What makes "Bored with the Melody" resonate beyond its immediate catchiness is its honesty about artifice. Orr has described the upbeat music as "an artificial sheen" over the song's darker core, a reflection of society's determined cheerfulness in the face of catastrophe. It's a bracingly cynical observation, and one that feels painfully relevant. We are all, after all, dancing on the Titanic, and some of us are starting to notice the deck tilting.
The band's decision to delay the release while they recorded B-side "One Time for No More Fun Time" speaks to a certain old-fashioned completism that's rather endearing. As does the hasty rerecording of the bass line after new member Drew Miller improvised something that simply worked better.
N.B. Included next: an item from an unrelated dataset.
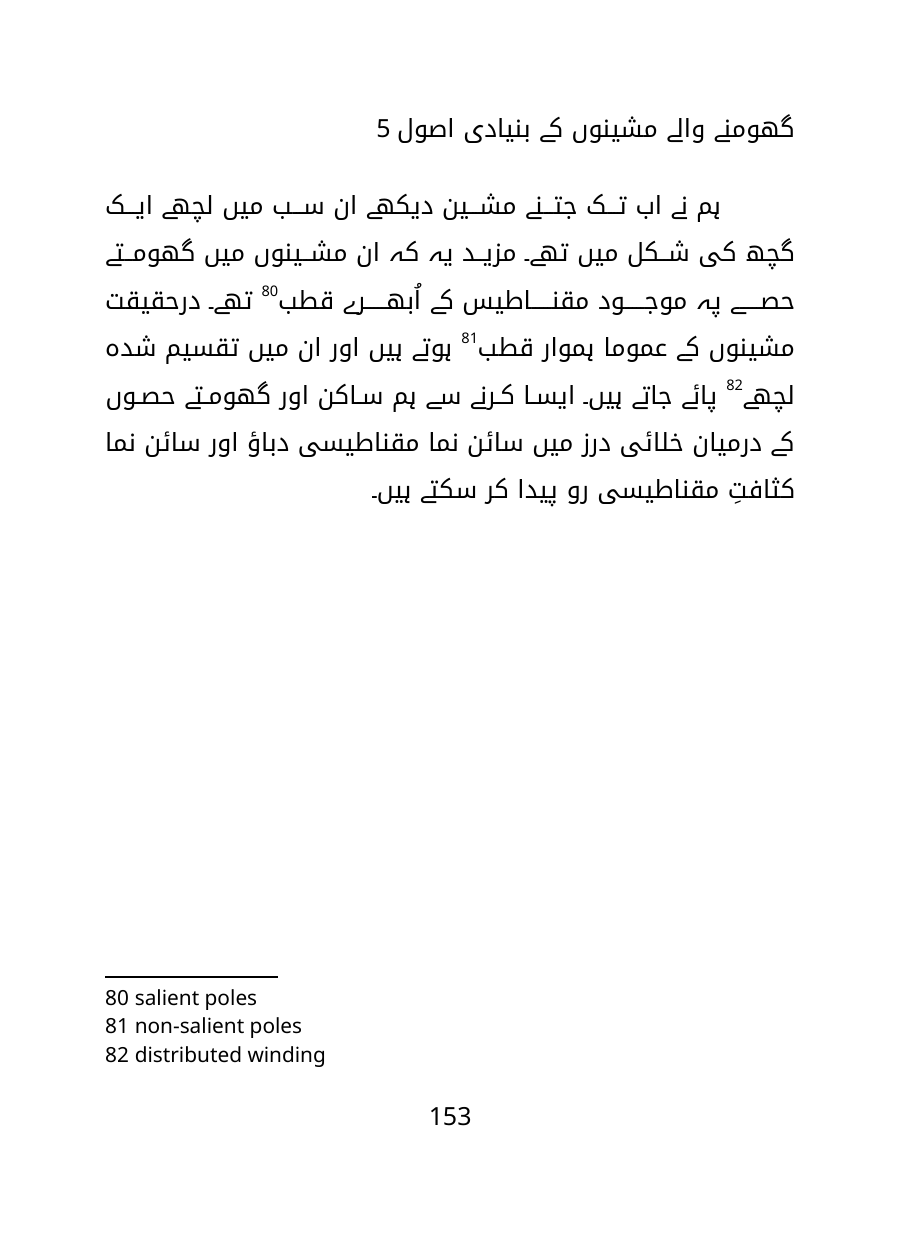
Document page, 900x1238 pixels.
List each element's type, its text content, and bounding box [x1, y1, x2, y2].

These aren't the actions of a band content to settle for good enough; they're the marks of musicians who actually give a damn about their craft.
Julian Ferrara's assessment—"It's the best thing we've ever done"—may sound like standard bandmate hyperbole, but having listened to "Bored with the Melody" repeatedly, it's difficult to dismiss the claim out of hand. This is cadzo at their most focused and potent, channeling frustration and burnout into something that transcends its origins. The song doesn't offer solutions or silver linings; it simply holds up a mirror to a particular moment of despair and dares you to look away.
The accompanying music video, with its innovative virtual production techniques courtesy of Marcin Beigunajtys, suggests a band thinking beyond the purely sonic realm. But ultimately, "Bored with the Melody" needs no visual accompaniment. It paints its own pictures, conjures its own demons, and leaves you humming a tune that you can't quite shake—even when you understand exactly what it means.